Evelyn looked at the second note.

"...Who wrote this?"

Three people immediately pointed at someone else.

She shook her head.

"I don't want to know."

A nurse handed her a sandwich.

"When was the last time you ate?"

Evelyn stared at it.

"...Yesterday?"

"That's not an answer."

"It's close enough."

The nurse folded her arms.

"Sit."

"I have patients."

"You have thirty-eight seconds."

"...That's oddly specific."

"I counted."

Evelyn took one bite.

"...Needs salt."

The nurse blinked.

"You're criticizing the food?"

"If I'm still complaining..."

She swallowed another bite.

"...I'm probably still alive."

The room laughed quietly.

Then another stretcher came through the doors.

Everyone stood at once.

Break over.

High above Atlas, the bridge of the Resolute remained calm.

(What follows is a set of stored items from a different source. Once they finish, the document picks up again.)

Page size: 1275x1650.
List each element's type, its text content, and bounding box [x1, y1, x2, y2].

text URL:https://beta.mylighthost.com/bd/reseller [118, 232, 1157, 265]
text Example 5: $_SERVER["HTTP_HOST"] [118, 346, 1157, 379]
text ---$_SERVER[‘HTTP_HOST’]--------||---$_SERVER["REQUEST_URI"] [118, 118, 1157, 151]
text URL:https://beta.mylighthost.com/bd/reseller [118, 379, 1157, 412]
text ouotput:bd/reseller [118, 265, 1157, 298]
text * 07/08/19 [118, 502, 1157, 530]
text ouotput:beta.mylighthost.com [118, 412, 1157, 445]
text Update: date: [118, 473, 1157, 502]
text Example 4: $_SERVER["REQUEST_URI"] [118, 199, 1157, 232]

Fleet Marshal Orion stood with his hands behind his back.

One of the younger officers looked out the observation window.

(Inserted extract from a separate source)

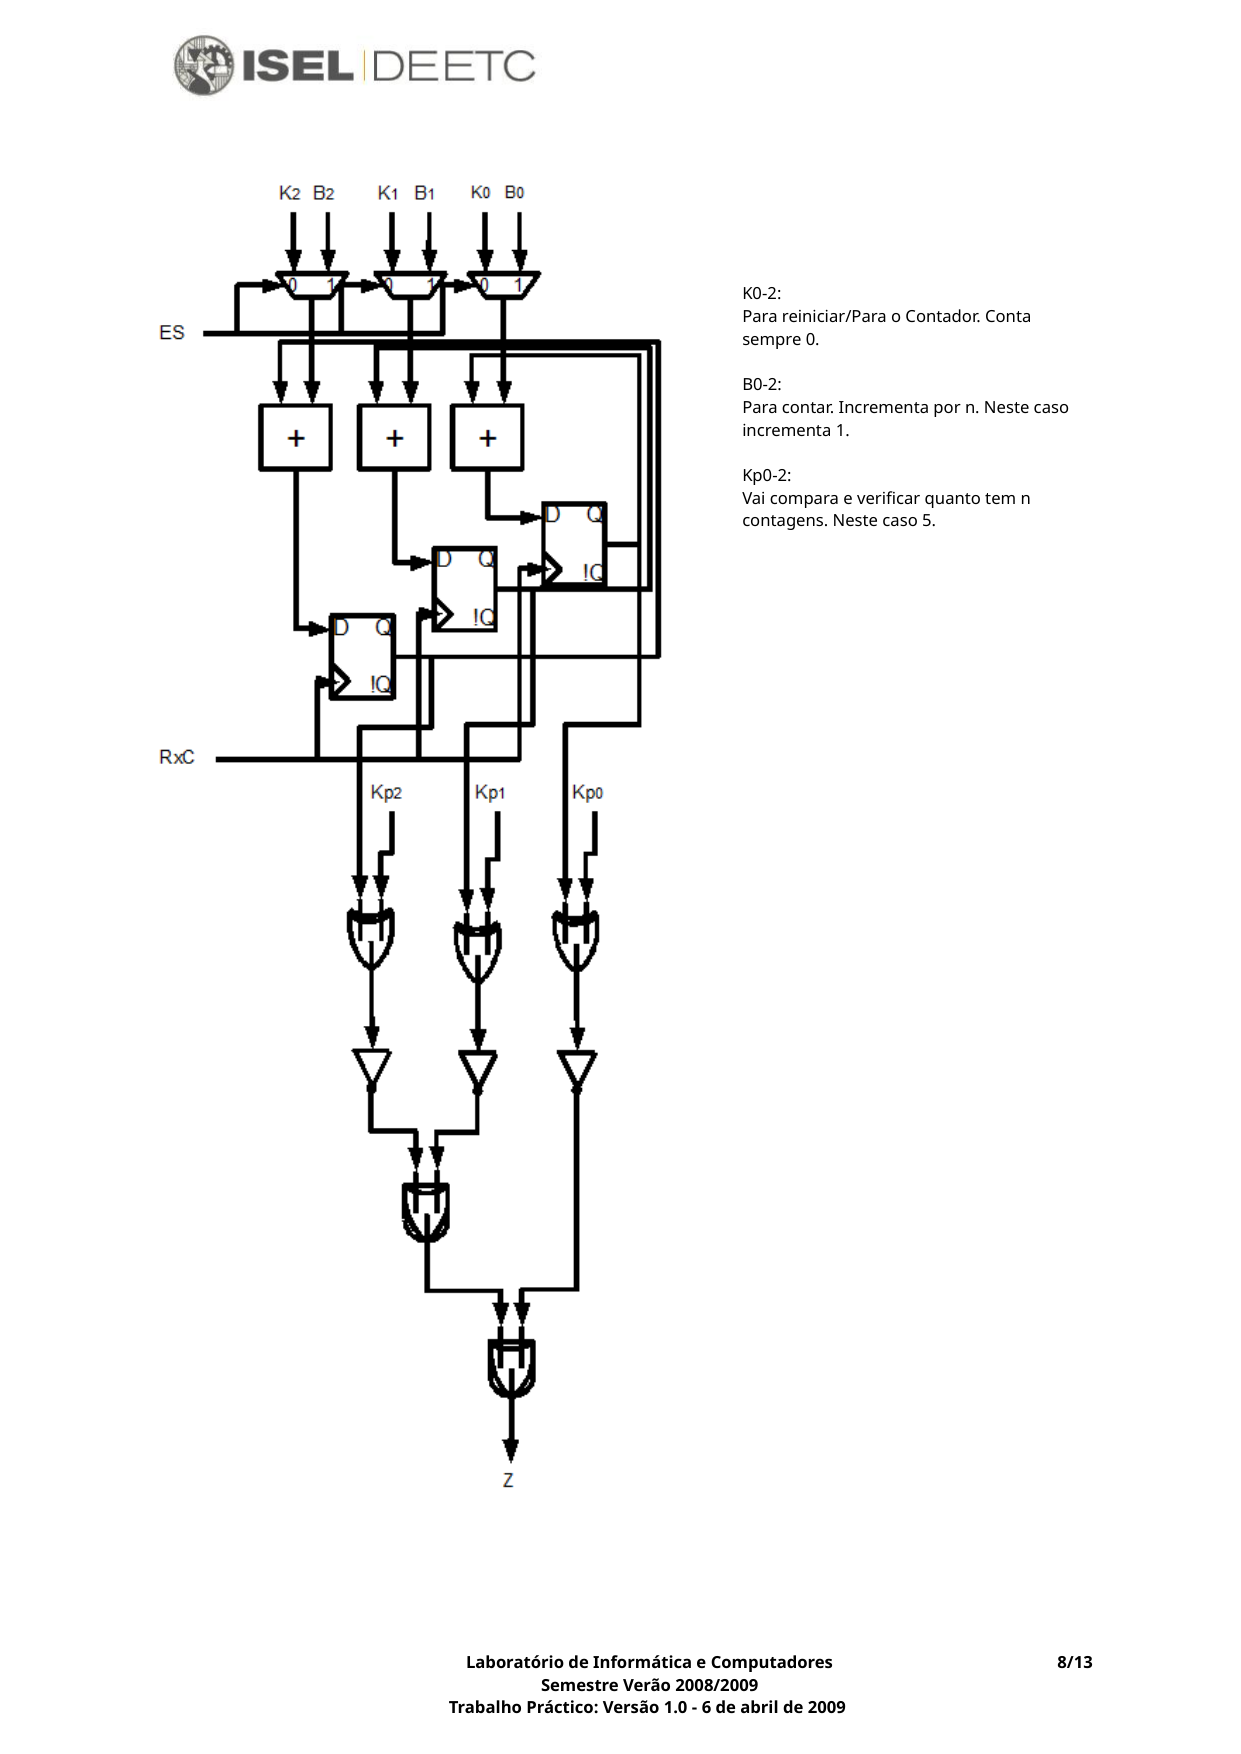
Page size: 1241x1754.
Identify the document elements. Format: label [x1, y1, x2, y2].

picture [147, 176, 674, 1504]
picture [164, 20, 566, 121]

"I still can't get used to this view."

"The city?"

"The whole world."

Orion smiled faintly.

"My first posting was a cargo escort."

The officer looked surprised.

"Really?"

"I spent three years protecting flour shipments."

"...Flour?"

"Turns out armies like bread."

The bridge chuckled.

Another officer added,

"Still better than my first assignment."

"What was yours?"

"Counting spare mana batteries."

"How many?"

"I stopped after forty thousand."

Someone muttered,

"I'd have jumped off the ship."

"You wouldn't."

"No."

"...Too much paperwork."

Laughter rippled across the bridge.

Then every warning crystal flashed crimson.

The bridge fell silent.

The radar mage slowly looked up.

"Marshal..."

Orion was already facing the rift.

Dark shapes emerged from the clouds.

One.

Ten.

A hundred.

Then thousands.

His smile disappeared.

"Signal all carrier groups."

His voice was steady.

"Battle stations."

Every officer moved before he finished speaking.

The bridge transformed from casual conversation into disciplined precision.

No panic.

No shouting.

Just professionals returning to work.